Co do podróży mogę się w pewnym sensie zgodzić, choć miałam na myśli coś innego.
I tu jest właśnie ten kłopot w doprecyzowaniu myśli.
Przez podróż rozumiem świadomy rozwój, bo jeśli mówimy o wyruszeniu w podróż poszukującą pokoju, miłości czy wolności to nie da się tego zrobić nieświadomie, tak jak nie da się nieświadomie pojechać w Tatry.
Niekoniecznie jest więc dla mnie ona tym, że życie rzuca mną jak planktonem, od wyboru do wyboru, pojawiają się konsekwencje itd.

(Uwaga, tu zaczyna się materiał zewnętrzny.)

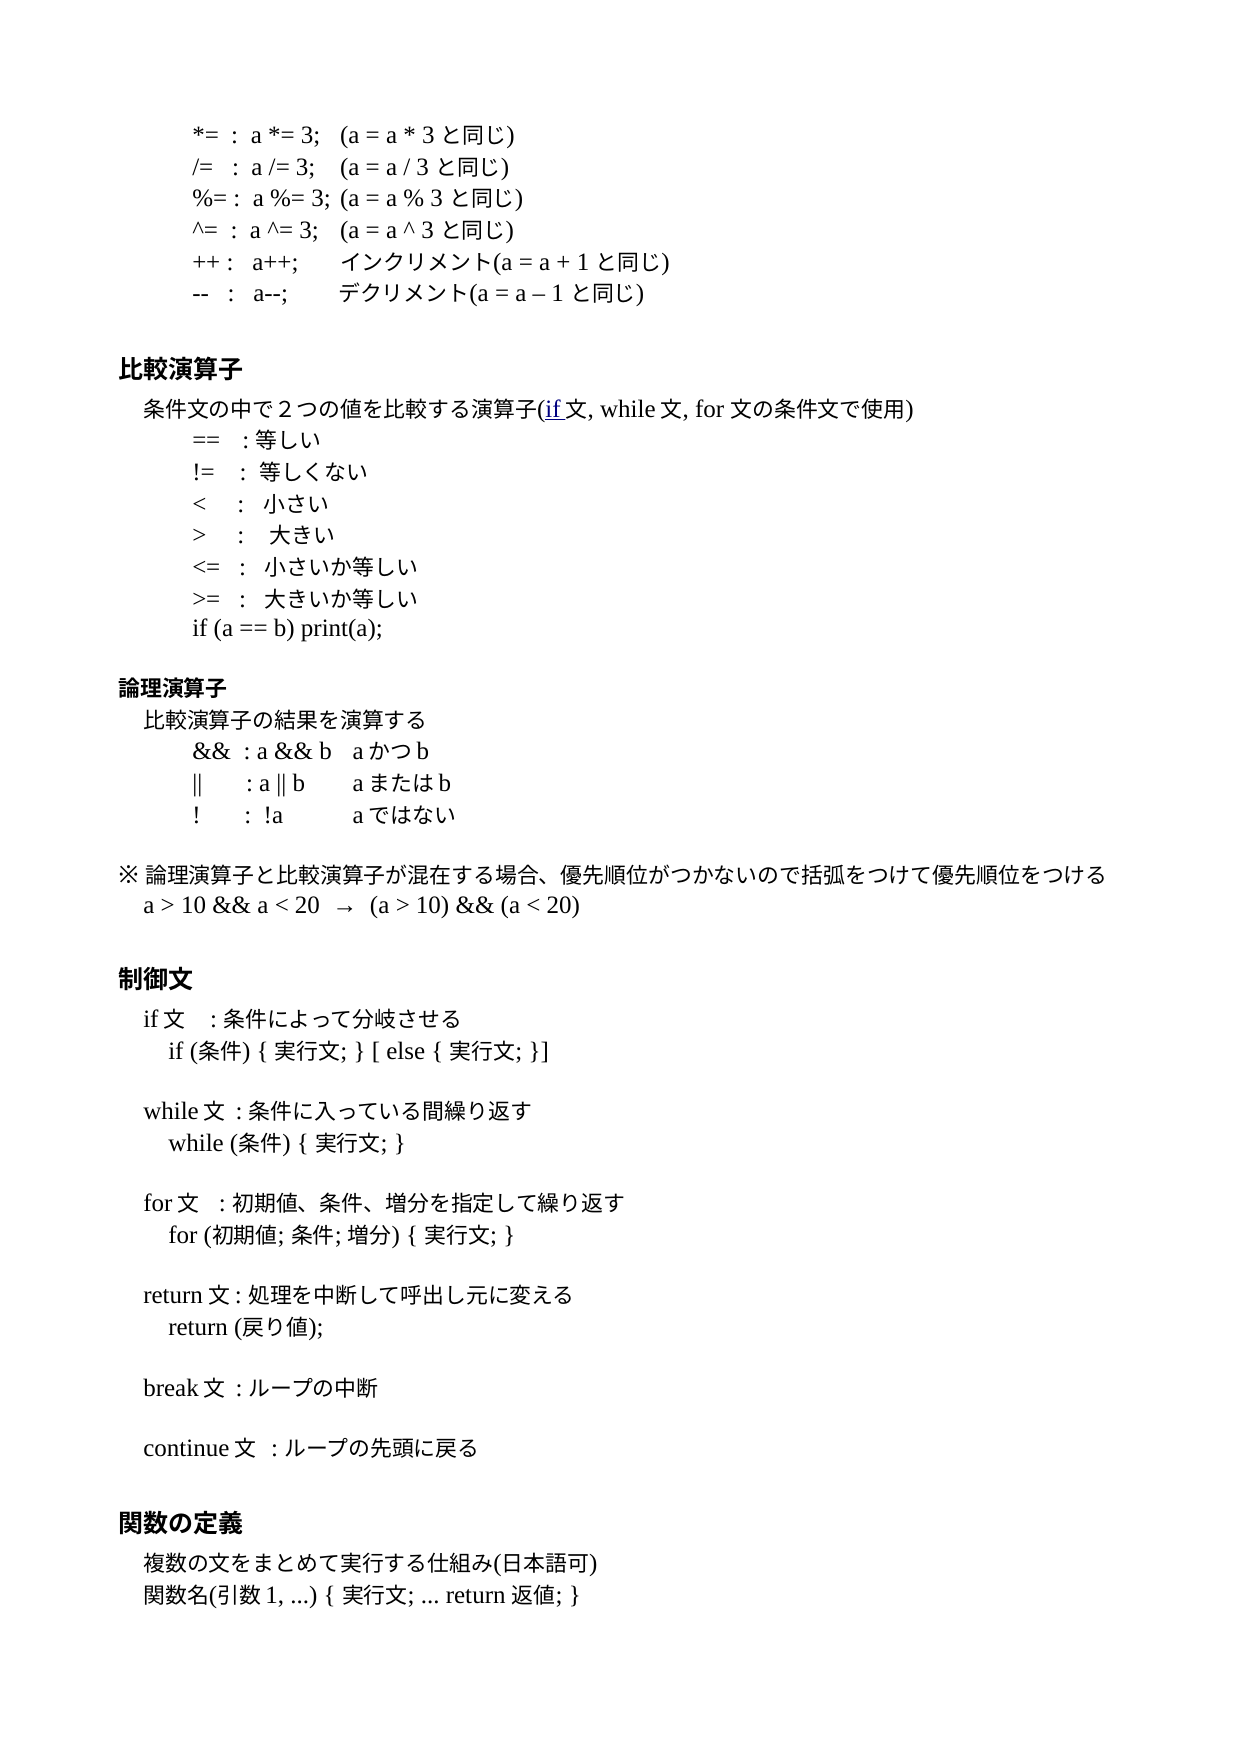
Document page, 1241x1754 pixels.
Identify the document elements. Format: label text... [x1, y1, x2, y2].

text break文 : ループの中断 [118, 1371, 1122, 1402]
text if (a == b) print(a); [118, 613, 1122, 642]
text ※ 論理演算子と比較演算子が混在する場合、優先順位がつかないので括弧をつけて優先順位をつける [118, 858, 1122, 890]
text while文 : 条件に入っている間繰り返す [118, 1094, 1122, 1126]
text > : 大きい [118, 518, 1122, 550]
text ^= : a ^= 3; (a = a ^ 3 と同じ) [118, 213, 1122, 245]
subtitle 比較演算子 [118, 349, 1122, 386]
text != : 等しくない [118, 455, 1122, 487]
subtitle 関数の定義 [118, 1504, 1122, 1540]
text *= : a *= 3; (a = a * 3 と同じ) [118, 118, 1122, 150]
text if文 : 条件によって分岐させる [118, 1002, 1122, 1034]
text < : 小さい [118, 487, 1122, 518]
text && : a && b aかつb [118, 734, 1122, 766]
text 論理演算子 [118, 671, 1122, 703]
text for文 : 初期値、条件、増分を指定して繰り返す [118, 1186, 1122, 1218]
subtitle 制御文 [118, 960, 1122, 996]
text ++ : a++; インクリメント(a = a + 1 と同じ) [118, 245, 1122, 276]
text || : a || b aまたはb [118, 766, 1122, 798]
text /= : a /= 3; (a = a / 3 と同じ) [118, 150, 1122, 181]
text %= : a %= 3; (a = a % 3 と同じ) [118, 181, 1122, 213]
text while (条件) { 実行文; } [118, 1126, 1122, 1158]
text 複数の文をまとめて実行する仕組み(日本語可) [118, 1546, 1122, 1578]
text 条件文の中で２つの値を比較する演算子(if文, while文, for 文の条件文で使用) [118, 392, 1122, 423]
text for (初期値; 条件; 増分) { 実行文; } [118, 1218, 1122, 1250]
text == : 等しい [118, 423, 1122, 455]
text if (条件) { 実行文; } [ else { 実行文; }] [118, 1034, 1122, 1066]
text -- : a--; デクリメント(a = a – 1 と同じ) [118, 276, 1122, 308]
text <= : 小さいか等しい [118, 550, 1122, 582]
text return (戻り値); [118, 1310, 1122, 1342]
text continue文 : ループの先頭に戻る [118, 1431, 1122, 1463]
text ! : !a aではない [118, 798, 1122, 829]
text 比較演算子の結果を演算する [118, 703, 1122, 734]
text a > 10 && a < 20 → (a > 10) && (a < 20) [118, 890, 1122, 918]
text >= : 大きいか等しい [118, 582, 1122, 613]
text return文 : 処理を中断して呼出し元に変える [118, 1278, 1122, 1310]
text 関数名(引数1, ...) { 実行文; ... return 返値; } [118, 1578, 1122, 1610]

Nie wszyscy ludzie żyją świadomie, w kontakcie ze sferą duchową, bo niektórzy nie mają kontaktu nawet z samymi sobą. Ci, dla mnie, w podróży nie są. Nie twierdzę czy to dobrze, czy źle – zwyczajnie to dostrzegam i tyle.
Każdy człowiek ma swój czas, swoją drogę i albo ją dla siebie wykorzysta tak, albo śmak.
Z pokojem jest podobnie, choć to bardzo złożone pojęcie. Wierzę w to, że człowiek który ma pokój w sobie będzie go niósł. Tak zwyczajnie, bez napinania się, bez przekonywania innych do swojej wersji pokoju – w każdym razie tak jest w buddyźmie.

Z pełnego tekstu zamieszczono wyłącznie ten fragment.